Charles Kissel's grand obsession began 39 years ago, when he was a teenage Boy Scout who bought an American flag to hang on his parents' front porch. It took a few decades for it to wear out, he says, but by then his fascination with the flag had simmered into eccentricity.
Kissel, 54, of Anaheim, owns the world's largest known collection of replicas of historic American flags, according to flag experts. He has flags with nine stripes, flags with stars seemingly arranged at random, flags that he's designed with his own hand. He has 155 federal flags, 50 state flags and five territory flags.
"His collection is almost unbelievable," said David Martucci, president of the North American Vexillological Assn., the nation's largest group dedicated to the study of flags.
Today, Flag Day, is one of the biggest days of Kissel's year, a day he lives for.
"The flag, in all the forms it has taken over the years, represents to me everything that it is to be an American. It is a work of art," says Kissel, a chemist. "You have the stars, the states, the union, you have the stripes, which originally were there for merchant ships, but now symbolize fair commerce. I could go on about this forever."
He could, and he does; Kissel is an encyclopedia of flags.
If you want the story behind George Washington's personal flag and how it influenced the modern American flag, Kissel can easily engage you for an hour of storytelling. Ask for the stories of the dozens of Revolutionary War flags and he'll talk a flag a minute.
Kissel stands up, opens his briefcase, folds a piece of paper, wields a pair of scissors and offers up a perfect, crisp five-pointed star: "That's it. Simple as that.
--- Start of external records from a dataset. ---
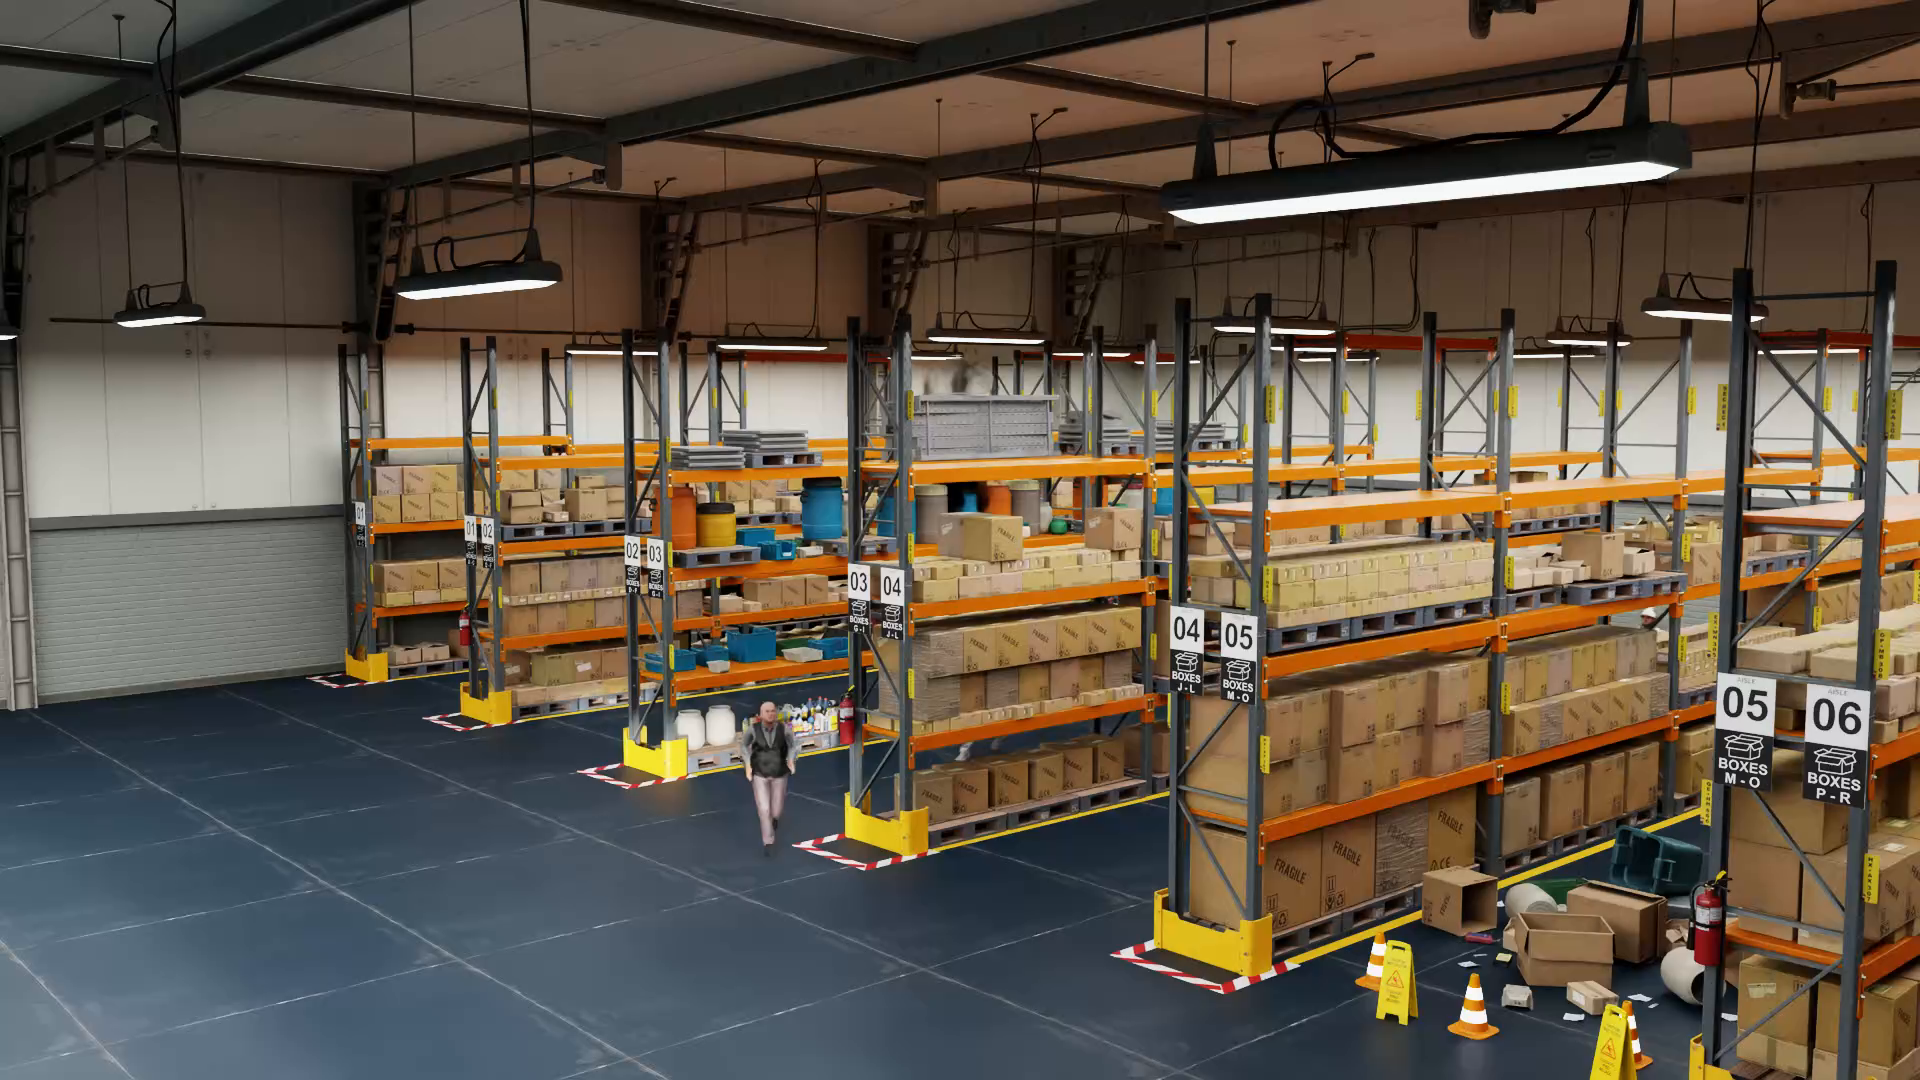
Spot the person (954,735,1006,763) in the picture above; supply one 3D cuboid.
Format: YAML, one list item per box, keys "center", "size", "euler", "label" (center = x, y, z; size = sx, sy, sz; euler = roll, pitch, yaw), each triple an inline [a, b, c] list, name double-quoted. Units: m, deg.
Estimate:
- center: [0.287, 2.176, 23.312]
  size: [0.680, 1.794, 0.990]
  euler: [4, 7, 38]
  label: "person"

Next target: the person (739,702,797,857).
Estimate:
- center: [-2.167, 2.650, 18.793]
  size: [0.643, 1.700, 0.824]
  euler: [-1, 5, -13]
  label: "person"

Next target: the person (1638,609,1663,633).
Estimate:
- center: [10.847, 1.953, 26.249]
  size: [0.669, 1.733, 0.760]
  euler: [5, 7, 41]
  label: "person"
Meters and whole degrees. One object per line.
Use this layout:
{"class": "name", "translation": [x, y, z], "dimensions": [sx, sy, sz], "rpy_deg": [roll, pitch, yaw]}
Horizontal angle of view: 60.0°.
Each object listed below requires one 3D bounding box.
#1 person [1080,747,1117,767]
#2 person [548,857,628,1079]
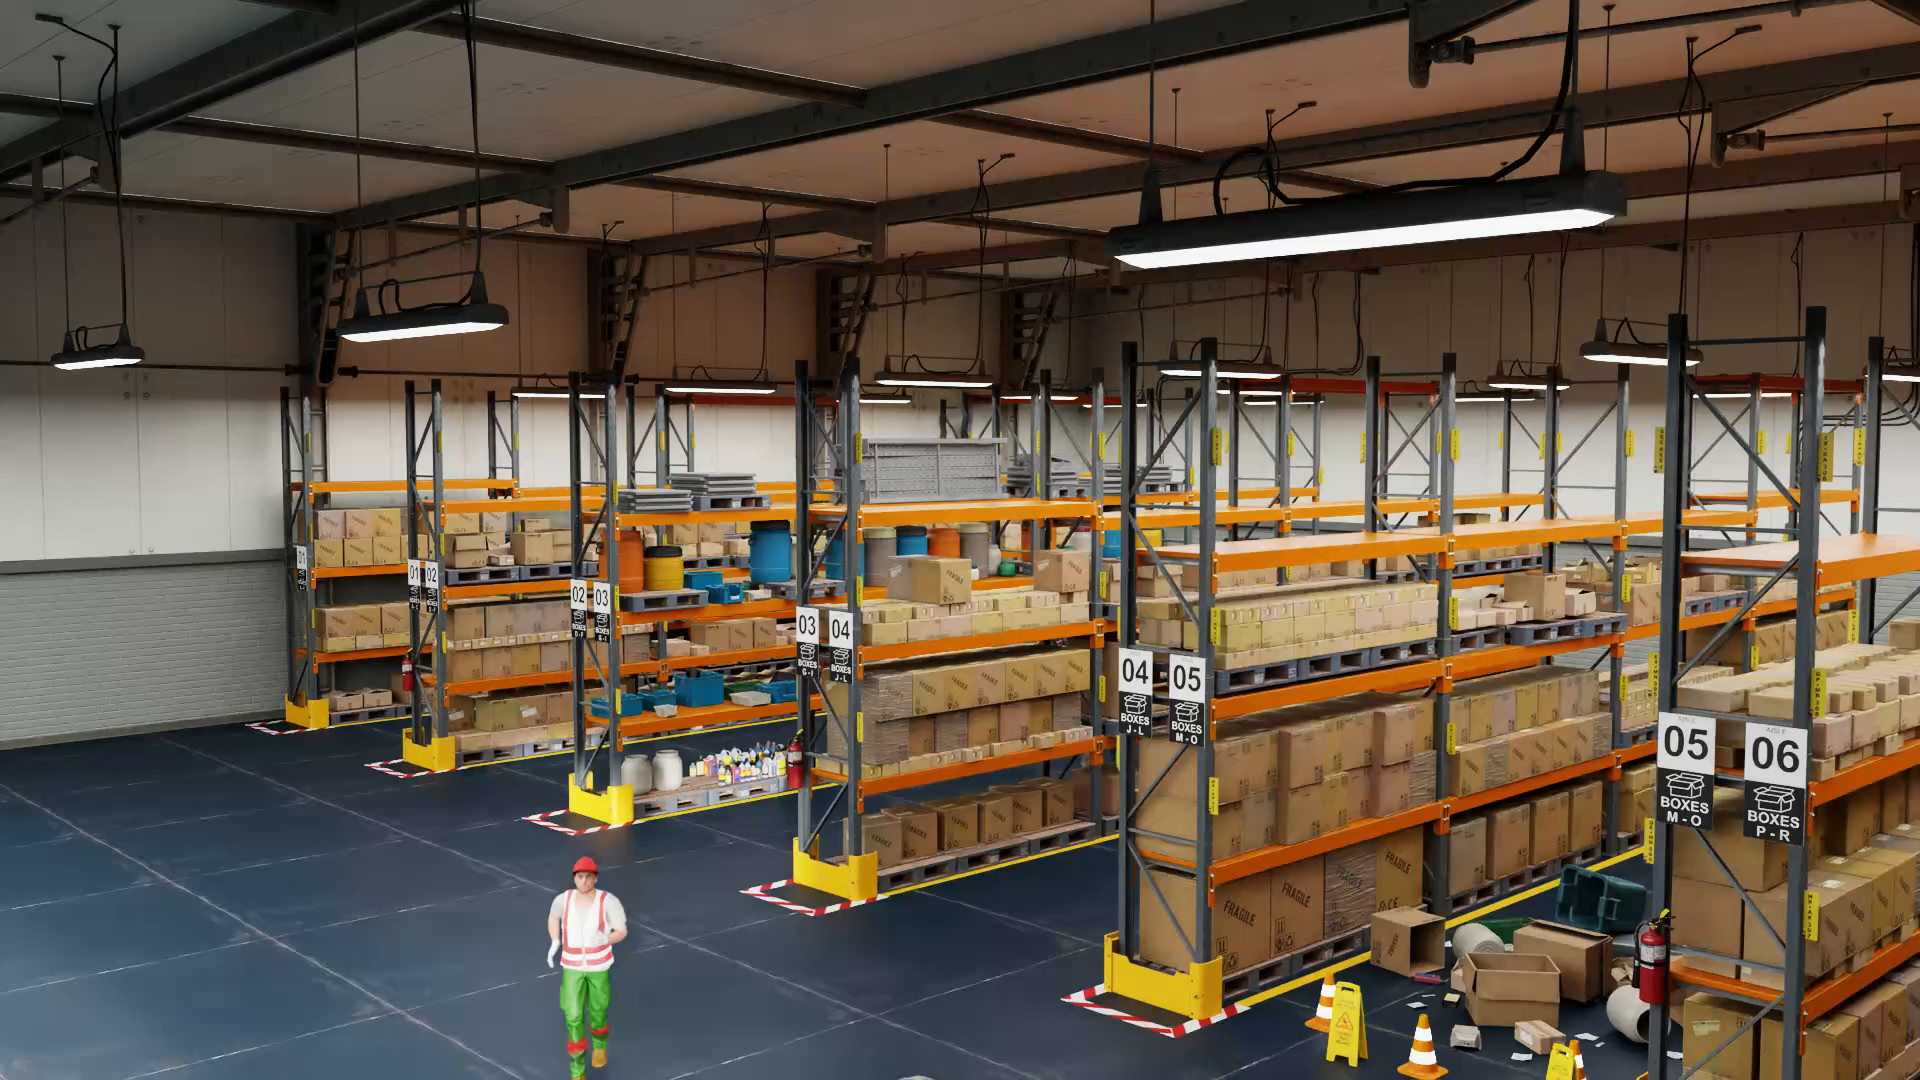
{"class": "person", "translation": [2.093, 2.645, 25.213], "dimensions": [0.656, 1.758, 0.969], "rpy_deg": [3, 4, 35]}
{"class": "person", "translation": [-2.963, 3.416, 13.210], "dimensions": [0.640, 1.824, 0.814], "rpy_deg": [0, 4, -6]}
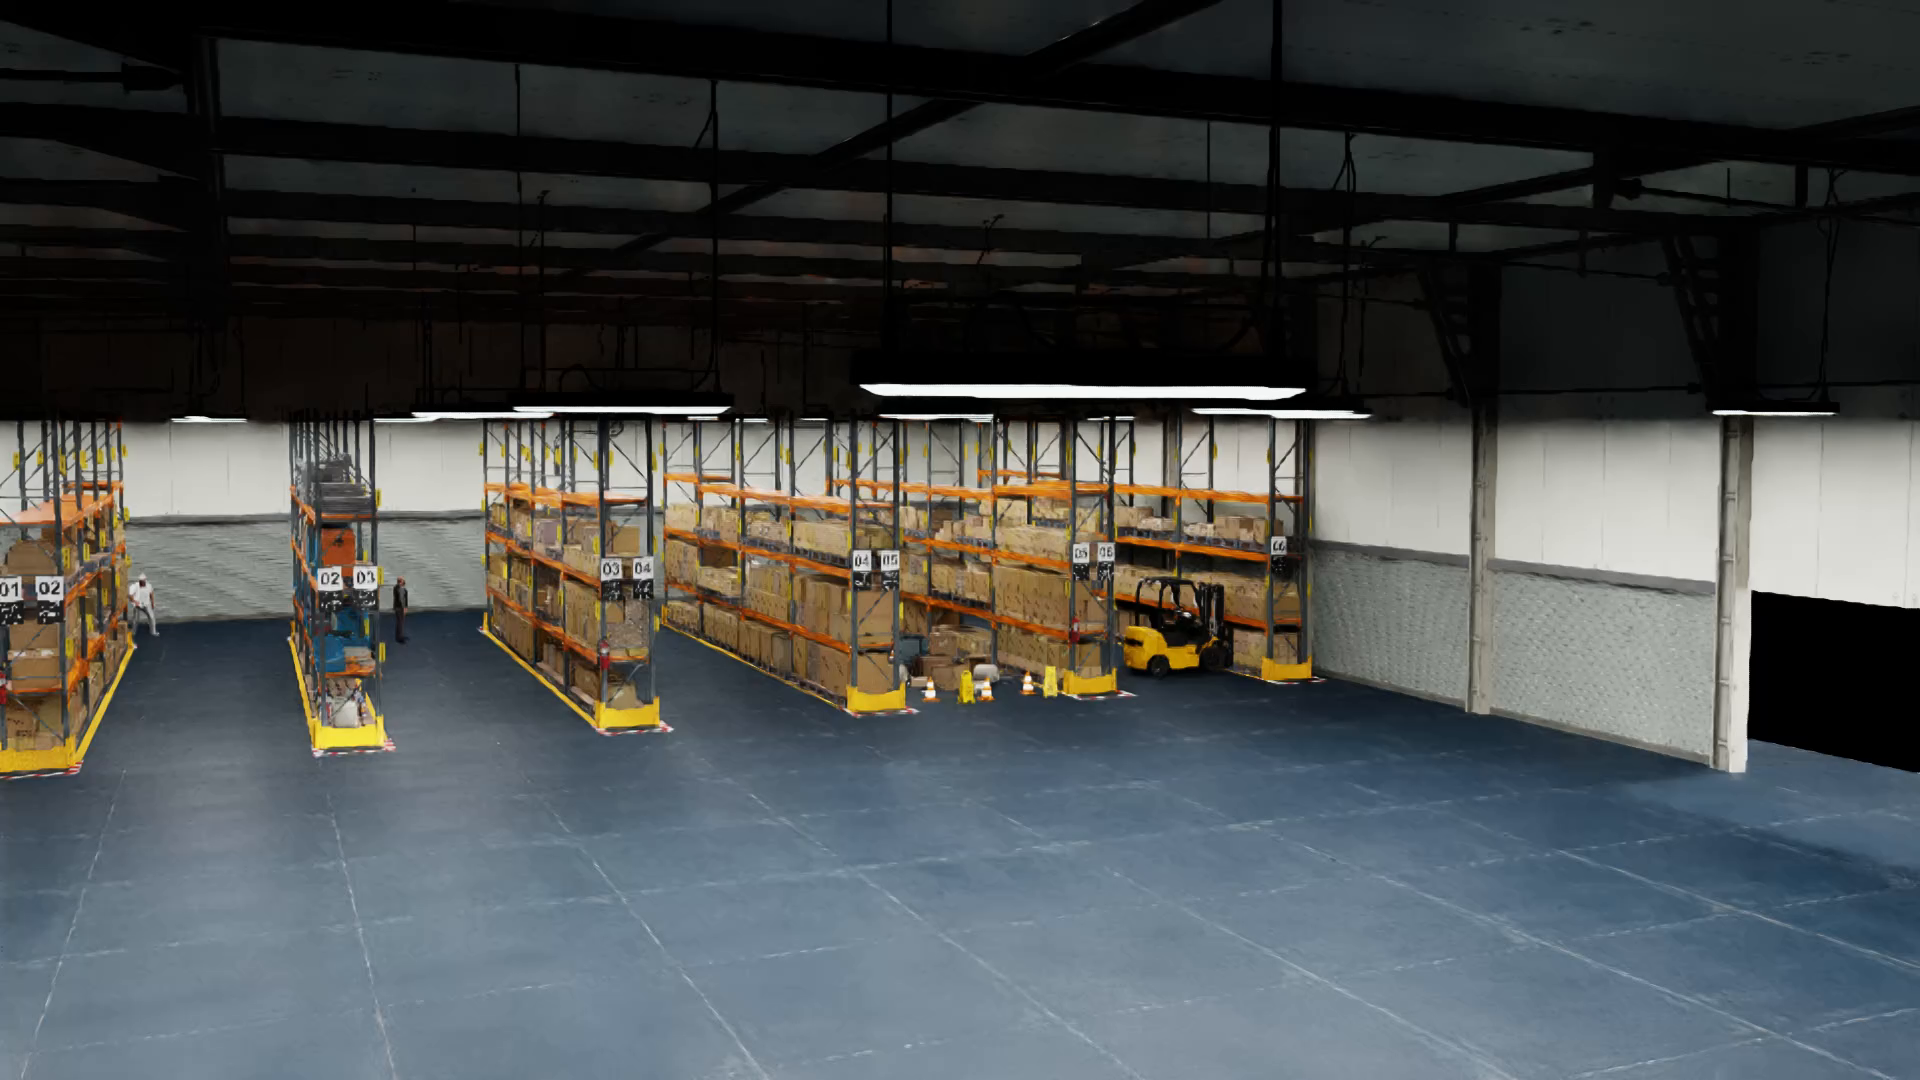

Betsy Ross didn't want to go through the work of making six-pointed stars, which was then a requirement to be a star."
Kissel says he "goes on forever about flags" because, he figures, most Americans know too little about the country's most recognizable icon, how it came to be and how--if you reach far enough back into history--one can find flags that have stars arranged like battlefield formations.
These days, he spends his free time preparing for and giving flag presentations. Today he is giving one in Downey. Last week he was in Anaheim, where he displayed 86 flags from his collection during the Anaheim Flag Day ceremony.
He said his patriot passion formed in 1985 when he was traveling the world on business and realized how little he knew about his homeland. "Everybody else seemed to know so much more about their country," he said. "I was stupid."
'We Live This,' Says His Wife
His compulsion began. He found a flag store that sold the famous Betsy Ross flag, and the buying and collecting went from there. As it stands, he's spent $14,000 on flags, forsaking vacations and other luxuries for "red, white and blue cotton."
His home, though, isn't what an outsider might expect from a flag fanatic, not at first glance at least. To be sure, outside there are often 11 flags hung for passersby. But inside, the flags are stacked neatly in a closet that breathes a musty and comforting smell of cardboard and cloth. They are out of sight and protected, as they should be, he said.
But look closer and little flags decorate model ships (appropriate for their era, of course), rest among arrangements of dried flowers and decorate the crannies of his house. "We live this," said his wife, Rosemary, 55, a teacher who gives presentations with her husband.
The reason Kissel has so many different flags, he says, is because it wasn't until 1912 that a law was passed that dictated an official uniformity for the flag. Before that, people were free to interpret the design as they wished. And that they did, a fact that drives Kissel to keep an eye out for a design that some seamstress put together 200 years ago.
"Ordinary people could make their own flags. You still can now; it may not be official, but it is not disrespectful--it is honorable--as long as it has the proper number of stripes and stars."